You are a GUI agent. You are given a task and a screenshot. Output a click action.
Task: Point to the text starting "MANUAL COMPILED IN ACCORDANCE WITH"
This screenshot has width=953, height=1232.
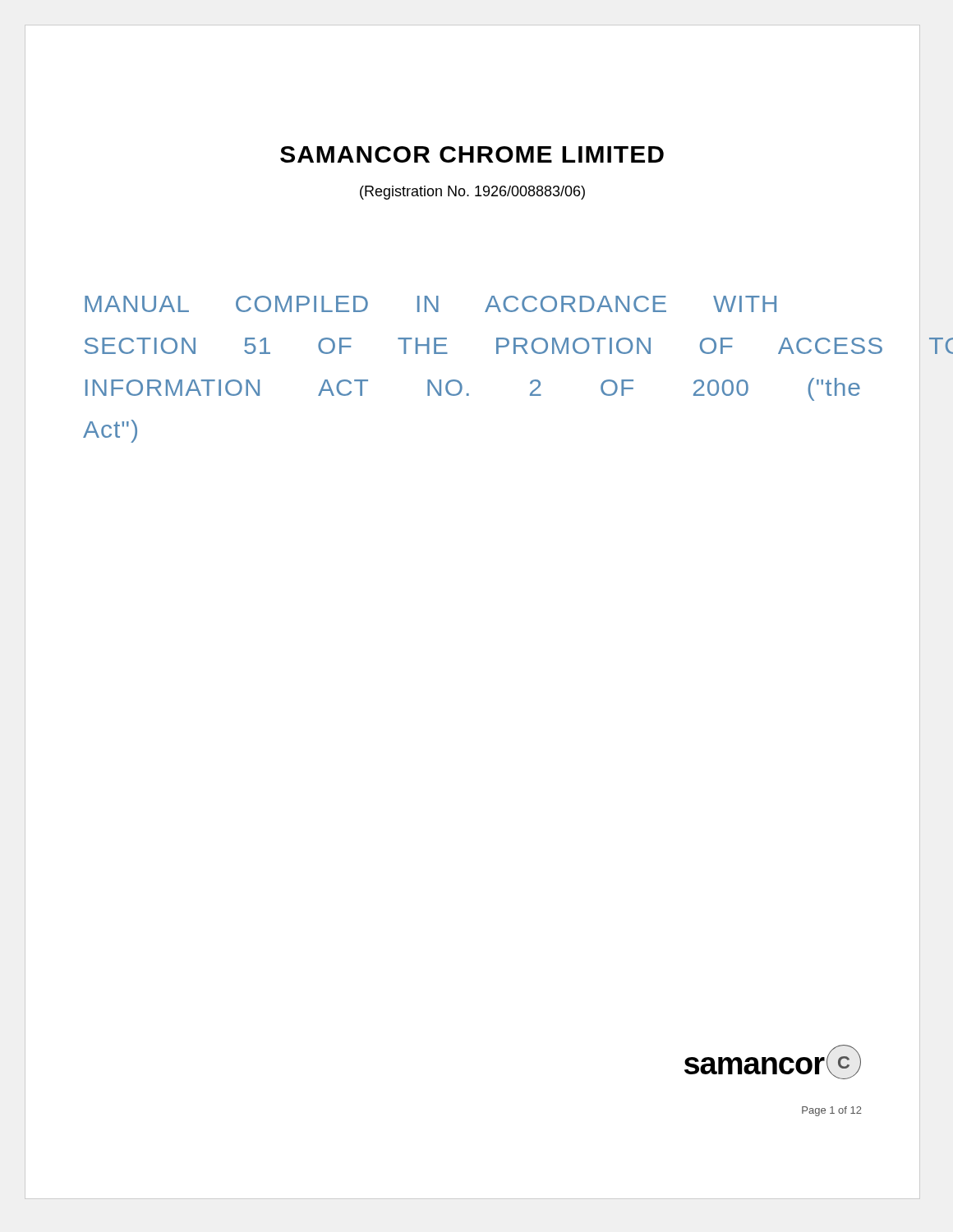tap(430, 304)
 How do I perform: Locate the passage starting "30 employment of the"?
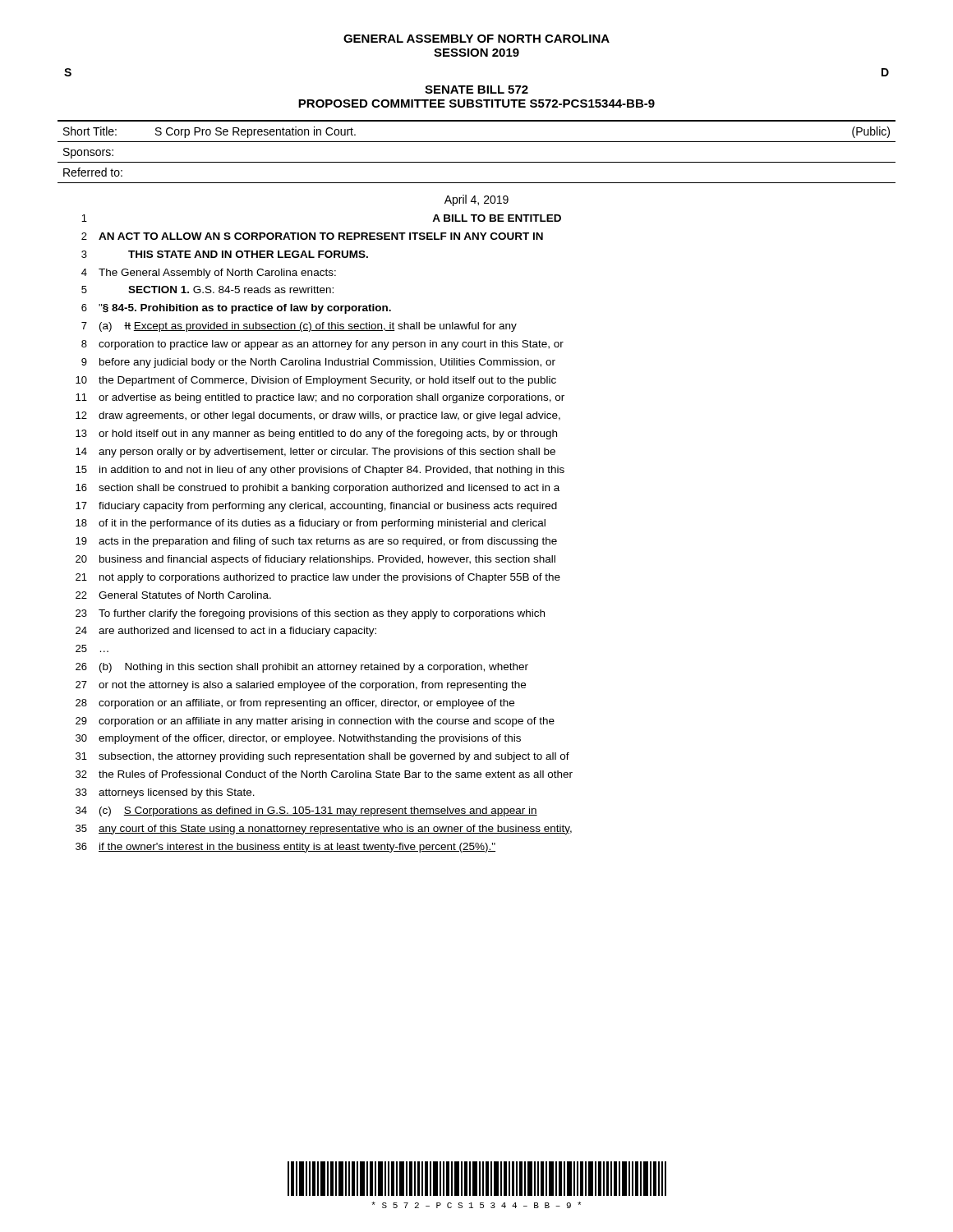(x=476, y=739)

-- -- --

Assigned task - Make an exact copy of the data, leaving its pictures out.

Task result -
You are a GUI agent. You are given a task and a screenshot. Output a click action.
Task: Point to the text starting "MANUAL COMPILED IN ACCORDANCE WITH"
This screenshot has width=953, height=1232.
tap(430, 304)
 How do I perform: Locate the passage starting "30 employment of the"?
(x=476, y=739)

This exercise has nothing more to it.